I have a very loose theory (layman's theory) on it. The theme of dark vs light has been part of our cultures for a long time. Virtually every holy book or ancient text has references to light vs dark or positive vs negative. What if doesn't actually mean good and evil, it references the dark and the light, the 2 key components of the universe. I know it can't be as simple as this, but you have a dimension of pure energy, and a dimension of darkness (call it the void or whatever you'd like). Every now and then the light expands into the dark. God is the dimension of light to which we are all connected.
This is where all the talk of duality comes from.
The yin and yang
god vs devil
the balance of karma
Set vs Ra
Perhaps it is all just in the very fabric of our beings because that is how this universe exists. It is like the light dimension blowing a bubble into the dark. Eventually the bubble will push it all back into the light dimension and a new one forms somewhere else. Black holes are caused by the stress of the border between them from stretching. This is why supernovas have the power to break through and create them. Once they are there, they act like relief valves.
I know it's all just a big guess, but I can't think of any other way to explain how this could happen without breaking laws of physics or accounting for the concept of time before time existed.
In philosophy it's one of the big questions: Why is there something rather than nothing? But the more I thought about it the more that bothered me, how is NOTHING even a possibility. It's just an assumption humans tend to make that nothing could even exist and yet the statement "(a) nothing exists" makes no sense. In my opinion the question itself is silly, it's one of the fundamental questions of philosophy that remains unanswered because the question itself is malformed.

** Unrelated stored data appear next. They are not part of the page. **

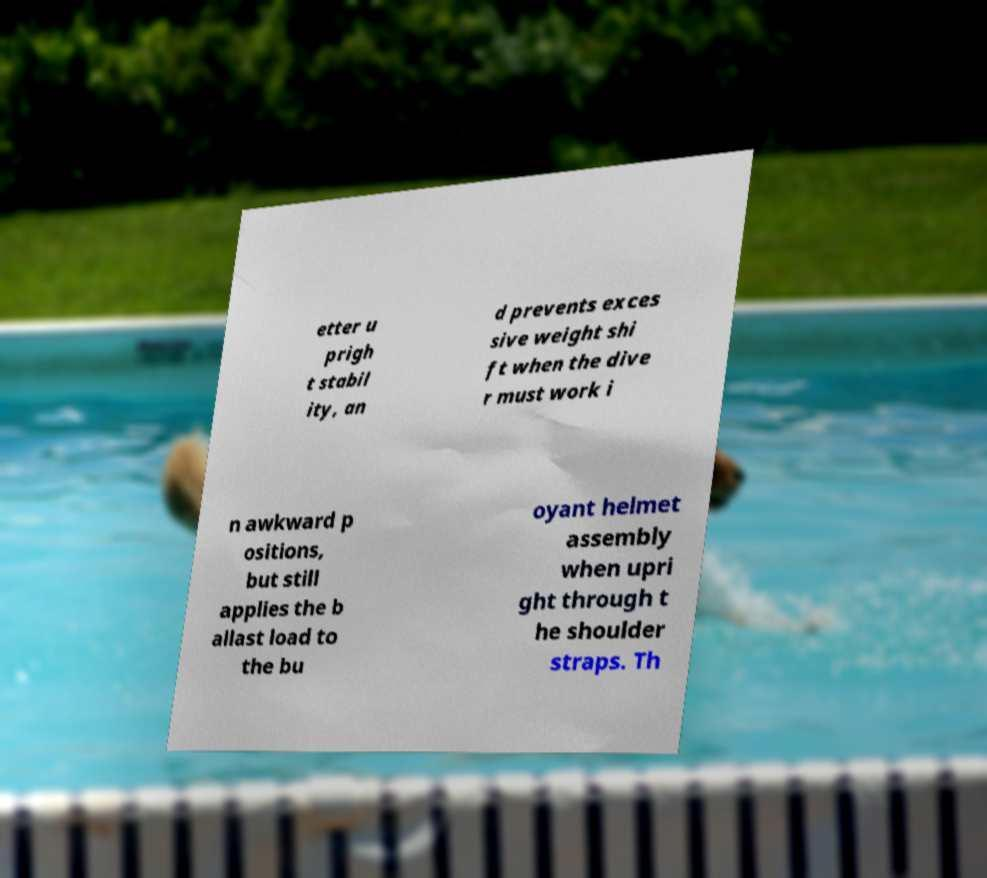What messages or text are displayed in this image? I need them in a readable, typed format. etter u prigh t stabil ity, an d prevents exces sive weight shi ft when the dive r must work i n awkward p ositions, but still applies the b allast load to the bu oyant helmet assembly when upri ght through t he shoulder straps. Th 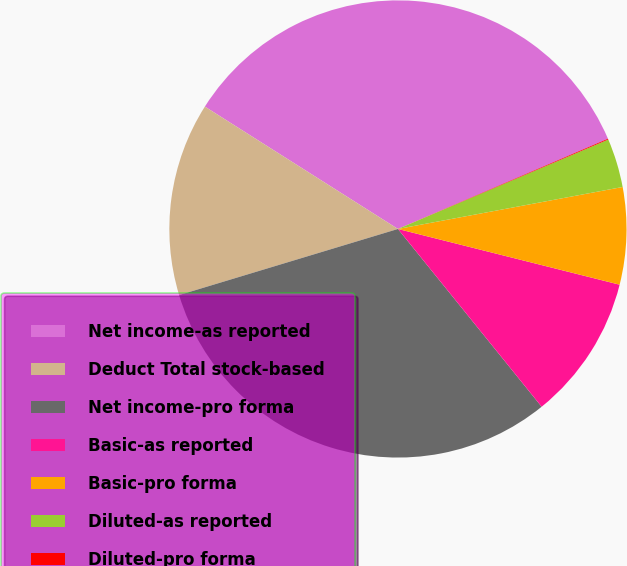Convert chart. <chart><loc_0><loc_0><loc_500><loc_500><pie_chart><fcel>Net income-as reported<fcel>Deduct Total stock-based<fcel>Net income-pro forma<fcel>Basic-as reported<fcel>Basic-pro forma<fcel>Diluted-as reported<fcel>Diluted-pro forma<nl><fcel>34.55%<fcel>13.66%<fcel>31.15%<fcel>10.26%<fcel>6.86%<fcel>3.46%<fcel>0.06%<nl></chart> 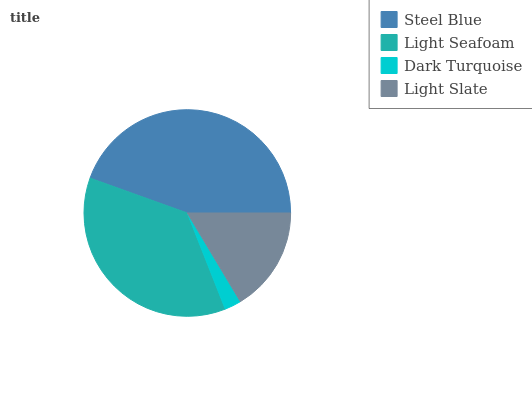Is Dark Turquoise the minimum?
Answer yes or no. Yes. Is Steel Blue the maximum?
Answer yes or no. Yes. Is Light Seafoam the minimum?
Answer yes or no. No. Is Light Seafoam the maximum?
Answer yes or no. No. Is Steel Blue greater than Light Seafoam?
Answer yes or no. Yes. Is Light Seafoam less than Steel Blue?
Answer yes or no. Yes. Is Light Seafoam greater than Steel Blue?
Answer yes or no. No. Is Steel Blue less than Light Seafoam?
Answer yes or no. No. Is Light Seafoam the high median?
Answer yes or no. Yes. Is Light Slate the low median?
Answer yes or no. Yes. Is Light Slate the high median?
Answer yes or no. No. Is Dark Turquoise the low median?
Answer yes or no. No. 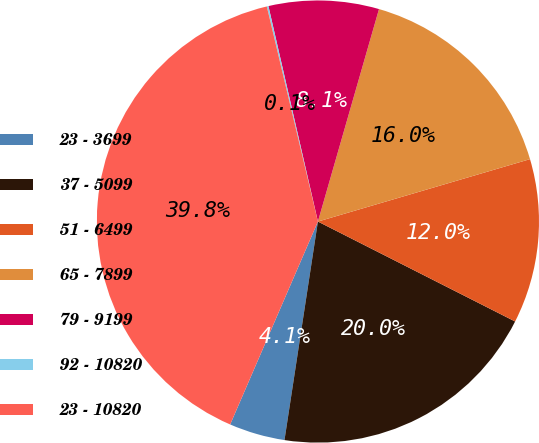Convert chart to OTSL. <chart><loc_0><loc_0><loc_500><loc_500><pie_chart><fcel>23 - 3699<fcel>37 - 5099<fcel>51 - 6499<fcel>65 - 7899<fcel>79 - 9199<fcel>92 - 10820<fcel>23 - 10820<nl><fcel>4.08%<fcel>19.95%<fcel>12.02%<fcel>15.99%<fcel>8.05%<fcel>0.12%<fcel>39.79%<nl></chart> 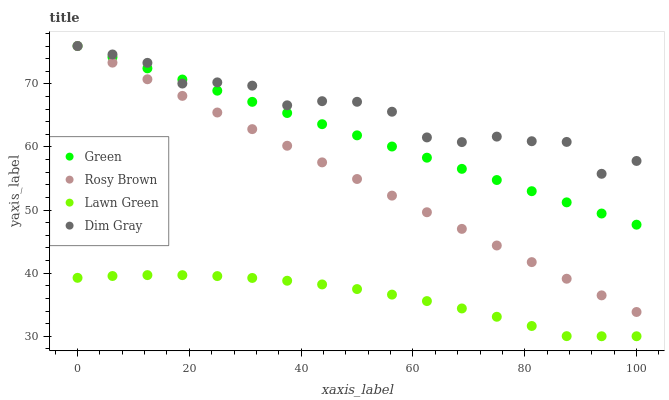Does Lawn Green have the minimum area under the curve?
Answer yes or no. Yes. Does Dim Gray have the maximum area under the curve?
Answer yes or no. Yes. Does Rosy Brown have the minimum area under the curve?
Answer yes or no. No. Does Rosy Brown have the maximum area under the curve?
Answer yes or no. No. Is Rosy Brown the smoothest?
Answer yes or no. Yes. Is Dim Gray the roughest?
Answer yes or no. Yes. Is Dim Gray the smoothest?
Answer yes or no. No. Is Rosy Brown the roughest?
Answer yes or no. No. Does Lawn Green have the lowest value?
Answer yes or no. Yes. Does Rosy Brown have the lowest value?
Answer yes or no. No. Does Green have the highest value?
Answer yes or no. Yes. Is Lawn Green less than Dim Gray?
Answer yes or no. Yes. Is Dim Gray greater than Lawn Green?
Answer yes or no. Yes. Does Green intersect Dim Gray?
Answer yes or no. Yes. Is Green less than Dim Gray?
Answer yes or no. No. Is Green greater than Dim Gray?
Answer yes or no. No. Does Lawn Green intersect Dim Gray?
Answer yes or no. No. 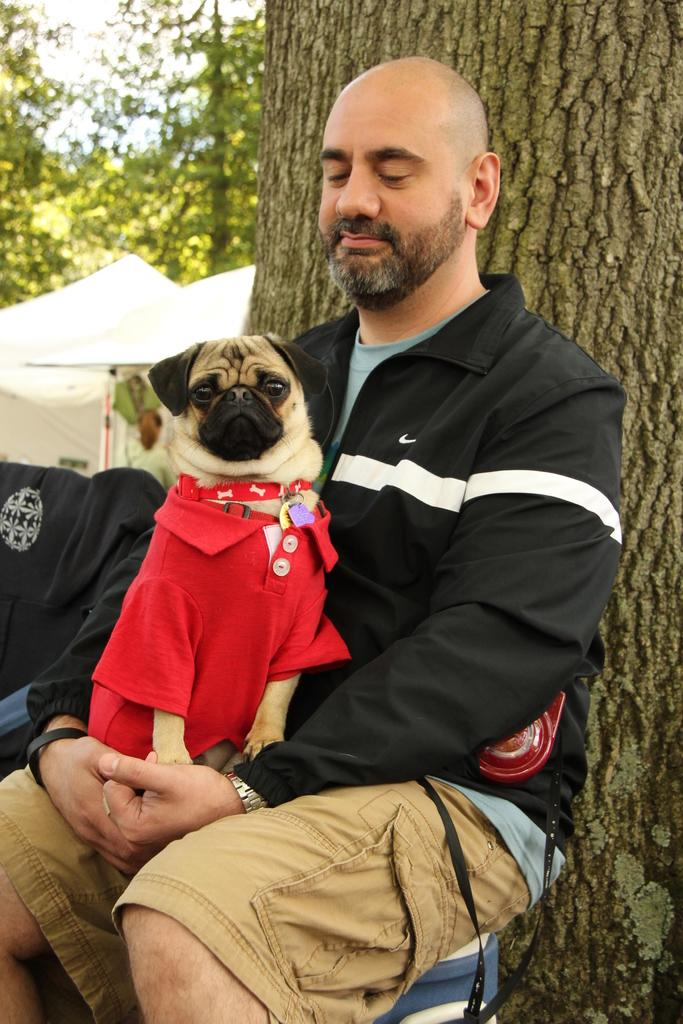What is the person in the image doing? The person is sitting in the image. What is the person holding in the image? The person is holding a dog in the image. What is the dog wearing? The dog is wearing a red t-shirt. What can be seen in the background of the image? There are tents and trees visible in the background of the image. What type of shoes is the dog wearing in the image? The dog is not wearing shoes in the image; it is wearing a red t-shirt. Can you tell me how many pears are visible in the image? There are no pears present in the image. 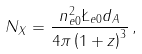<formula> <loc_0><loc_0><loc_500><loc_500>N _ { X } = \frac { n _ { e 0 } ^ { 2 } \L _ { e 0 } d _ { A } } { 4 \pi \left ( 1 + z \right ) ^ { 3 } } \, ,</formula> 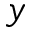Convert formula to latex. <formula><loc_0><loc_0><loc_500><loc_500>y</formula> 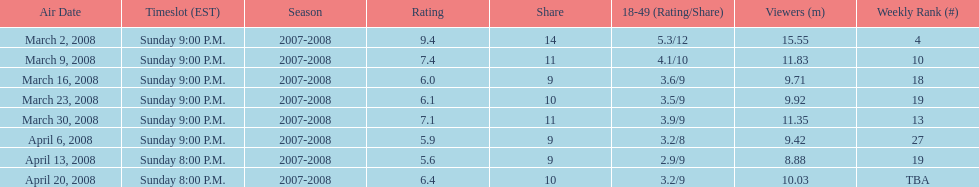How long did the program air for in days? 8. 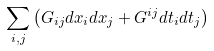Convert formula to latex. <formula><loc_0><loc_0><loc_500><loc_500>\sum _ { i , j } \left ( G _ { i j } d x _ { i } d x _ { j } + G ^ { i j } d t _ { i } d t _ { j } \right )</formula> 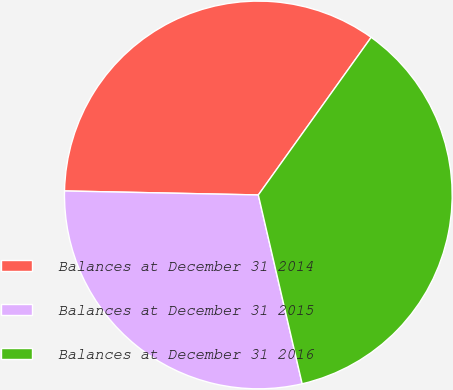Convert chart to OTSL. <chart><loc_0><loc_0><loc_500><loc_500><pie_chart><fcel>Balances at December 31 2014<fcel>Balances at December 31 2015<fcel>Balances at December 31 2016<nl><fcel>34.56%<fcel>28.96%<fcel>36.48%<nl></chart> 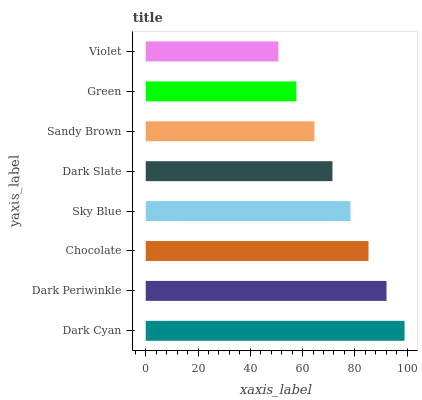Is Violet the minimum?
Answer yes or no. Yes. Is Dark Cyan the maximum?
Answer yes or no. Yes. Is Dark Periwinkle the minimum?
Answer yes or no. No. Is Dark Periwinkle the maximum?
Answer yes or no. No. Is Dark Cyan greater than Dark Periwinkle?
Answer yes or no. Yes. Is Dark Periwinkle less than Dark Cyan?
Answer yes or no. Yes. Is Dark Periwinkle greater than Dark Cyan?
Answer yes or no. No. Is Dark Cyan less than Dark Periwinkle?
Answer yes or no. No. Is Sky Blue the high median?
Answer yes or no. Yes. Is Dark Slate the low median?
Answer yes or no. Yes. Is Dark Periwinkle the high median?
Answer yes or no. No. Is Chocolate the low median?
Answer yes or no. No. 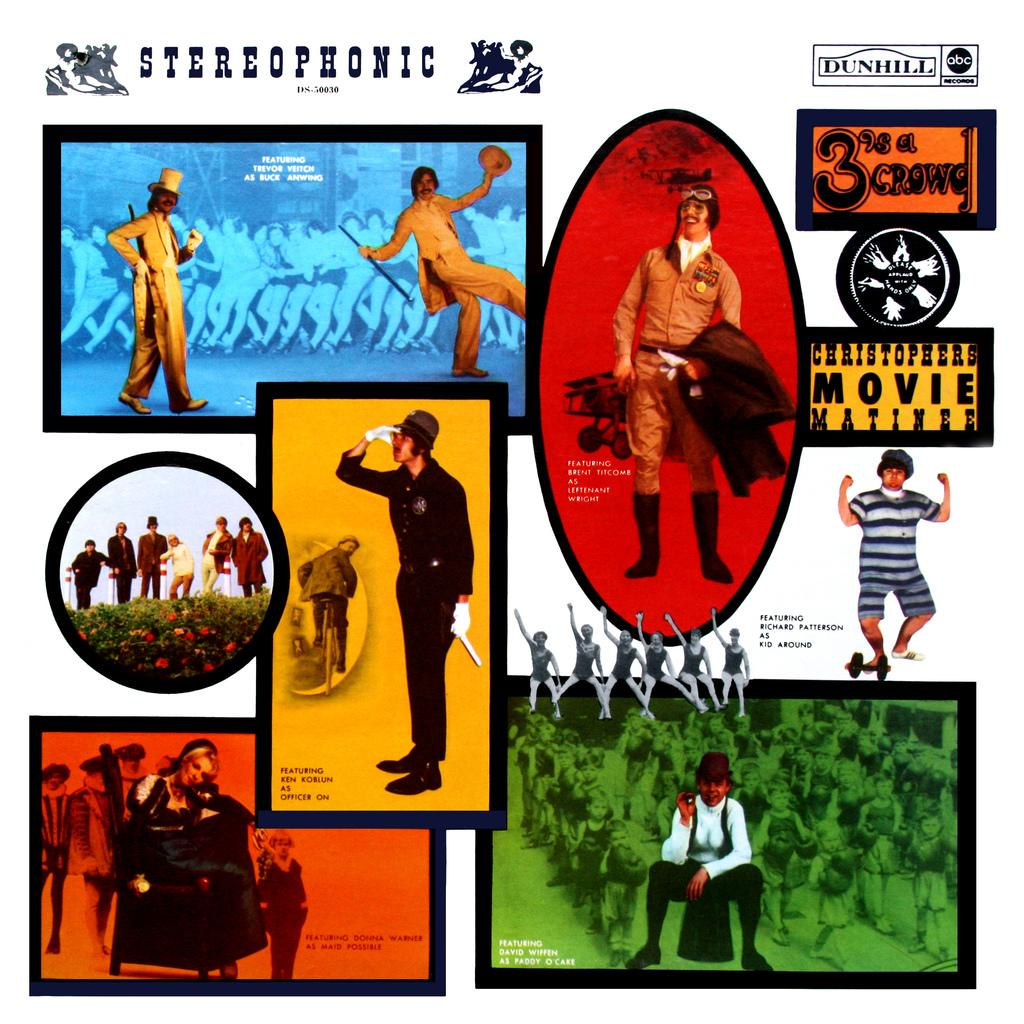What can be seen in the image that resembles a vertical structure? There are posts in the image. What is depicted on the posts? There are persons depicted on the posters. What type of cloud is present in the image? There is no cloud present in the image; it only features posts with persons depicted on them. What thoughts are being expressed by the persons on the posters? The image does not provide any information about the thoughts of the persons depicted on the posters. 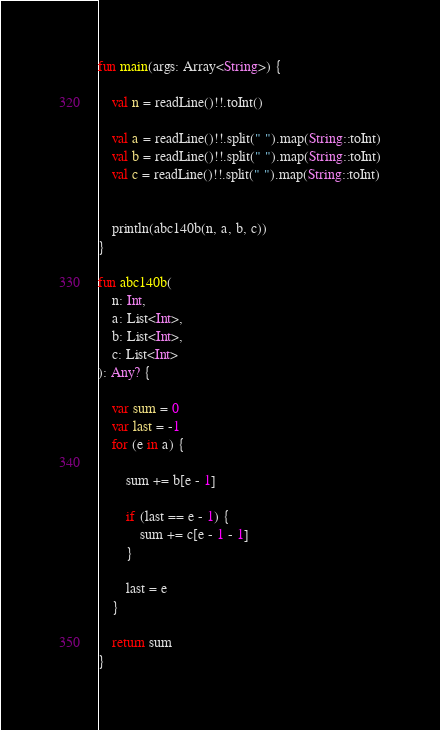<code> <loc_0><loc_0><loc_500><loc_500><_Kotlin_>fun main(args: Array<String>) {

    val n = readLine()!!.toInt()

    val a = readLine()!!.split(" ").map(String::toInt)
    val b = readLine()!!.split(" ").map(String::toInt)
    val c = readLine()!!.split(" ").map(String::toInt)


    println(abc140b(n, a, b, c))
}

fun abc140b(
    n: Int,
    a: List<Int>,
    b: List<Int>,
    c: List<Int>
): Any? {

    var sum = 0
    var last = -1
    for (e in a) {

        sum += b[e - 1]

        if (last == e - 1) {
            sum += c[e - 1 - 1]
        }

        last = e
    }

    return sum
}
</code> 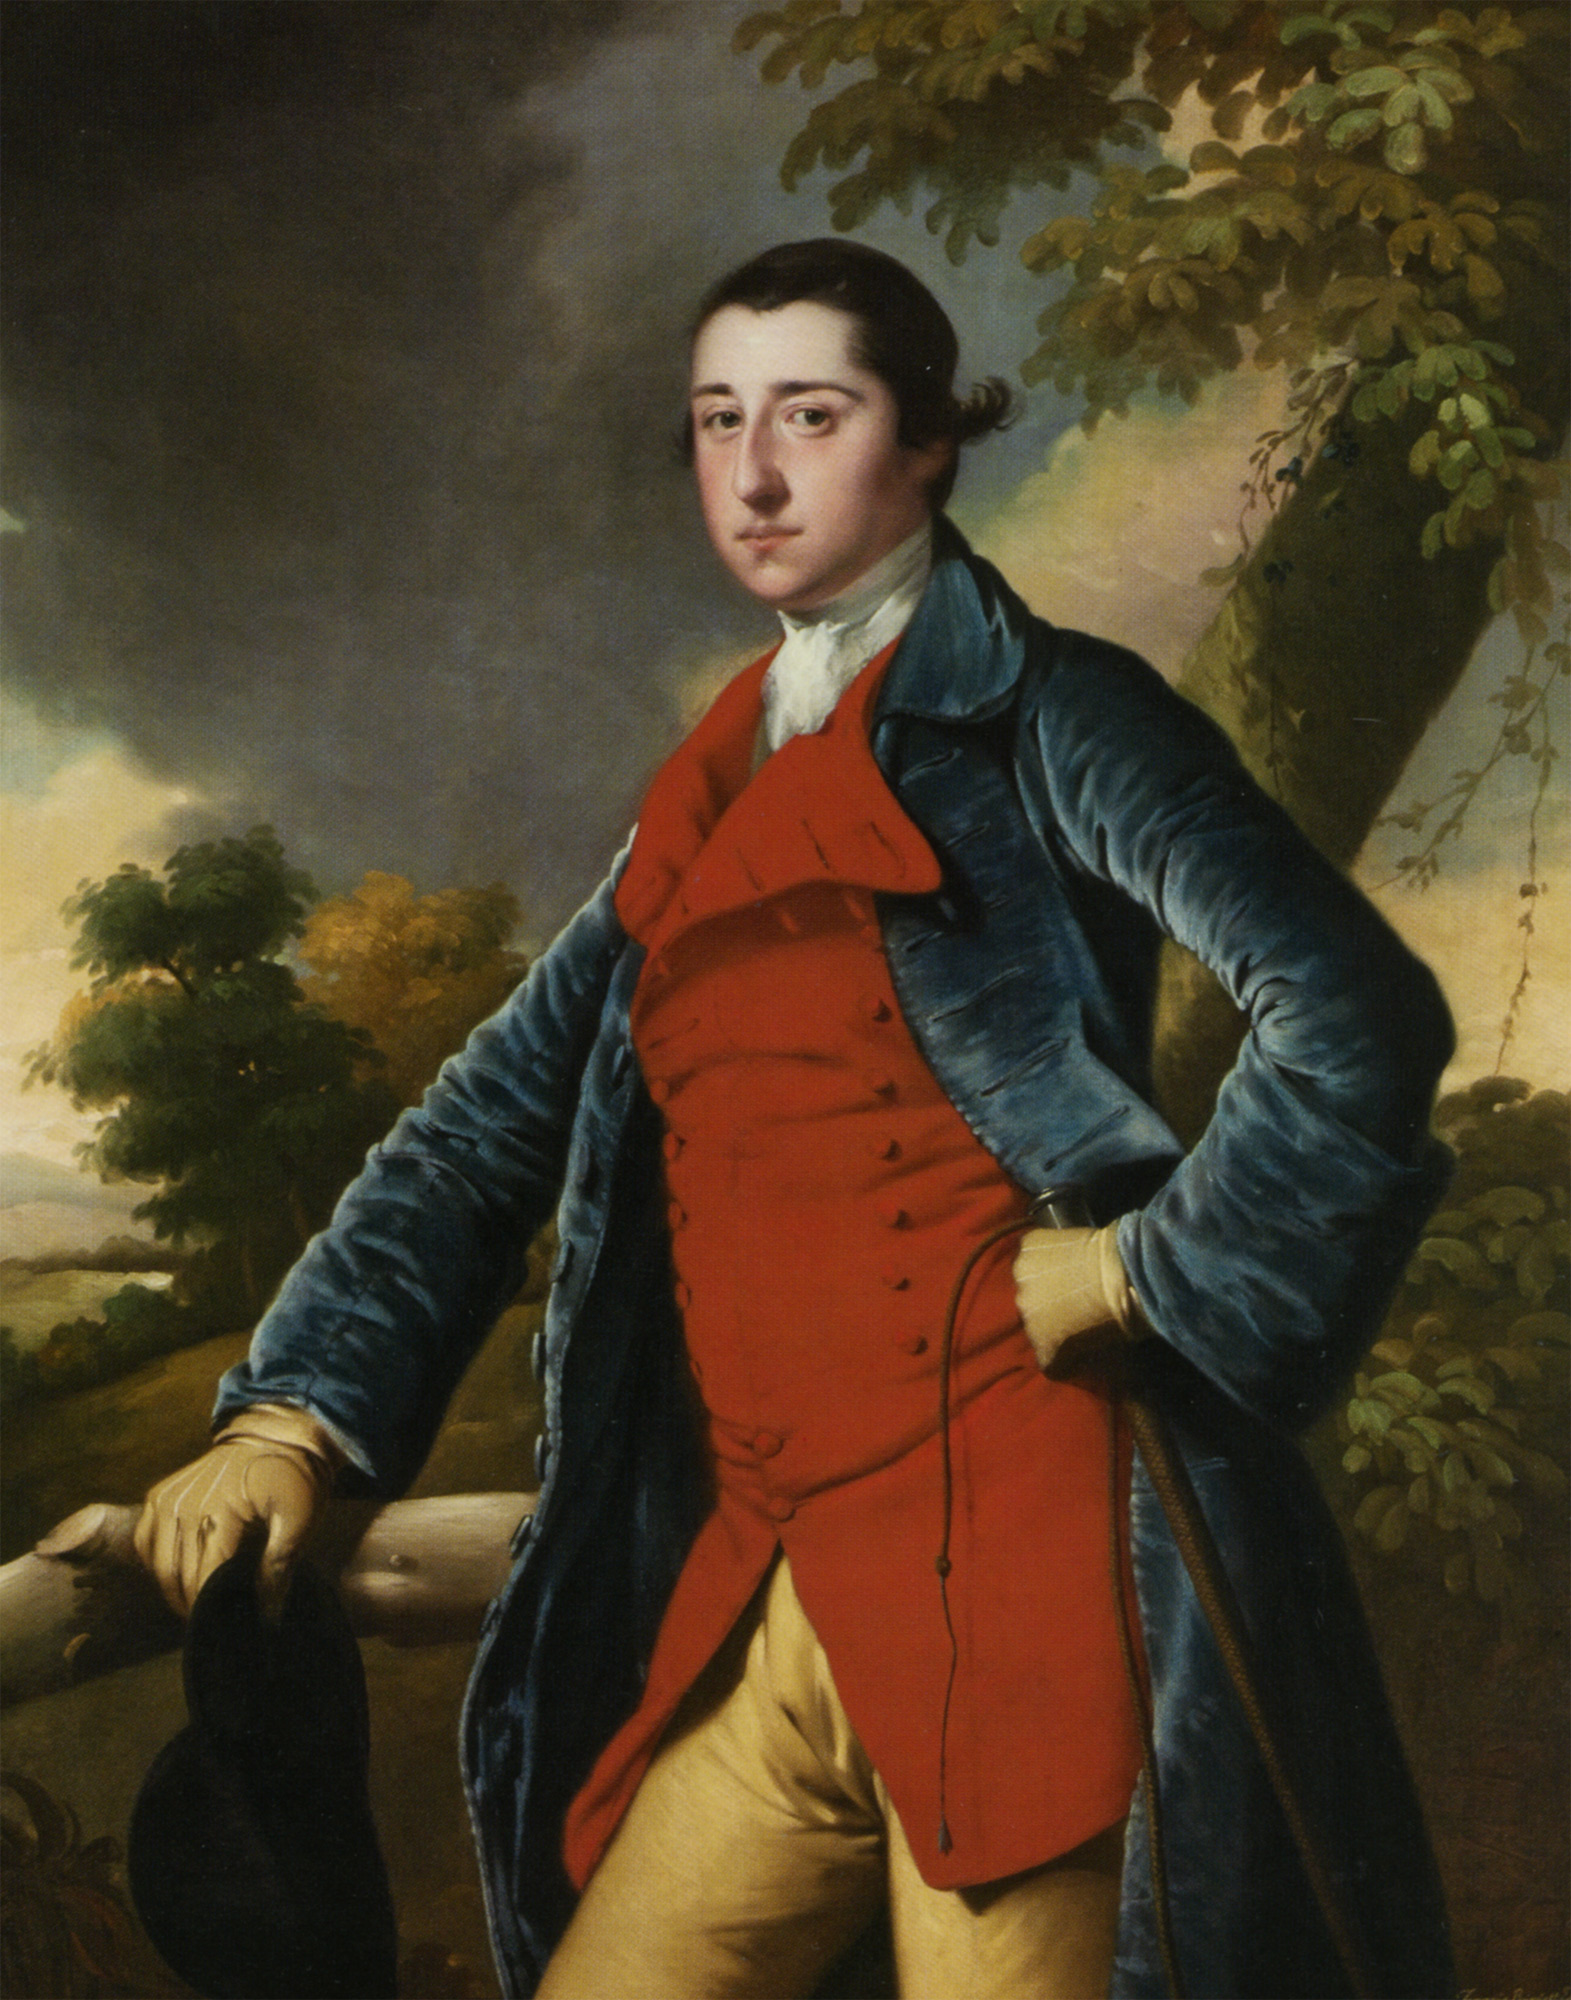What does the setting of the painting tell us about the subject? The landscape setting with lush trees and a distant horizon may symbolize the subject's connection to nature or his rural estates. This background, alongside the clear sky and the relaxed posture, could be used to communicate a sense of freedom or leisure that was idealized in portraits of this era, possibly reflecting the subject's personal life or aspirations.

originally posted by: TzarChasm
a reply to: Titen-Sxull
In philosophy it's one of the big questions: Why is there something rather than nothing? But the more I thought about it the more that bothered me, how is NOTHING even a possibility. It's just an assumption humans tend to make that nothing could even exist and yet the statement "(a) nothing exists" makes no sense. In my opinion the question itself is silly, it's one of the fundamental questions of philosophy that remains unanswered because the question itself is malformed.
i was just in another thread about this very thing. it is impossible to have nothing because the concept of nothing requires something to compare it to. you cant have nothing without something, and that defeats it. so there was always something...unless theres an "outside"? outside the universe? but that would be pure guess work.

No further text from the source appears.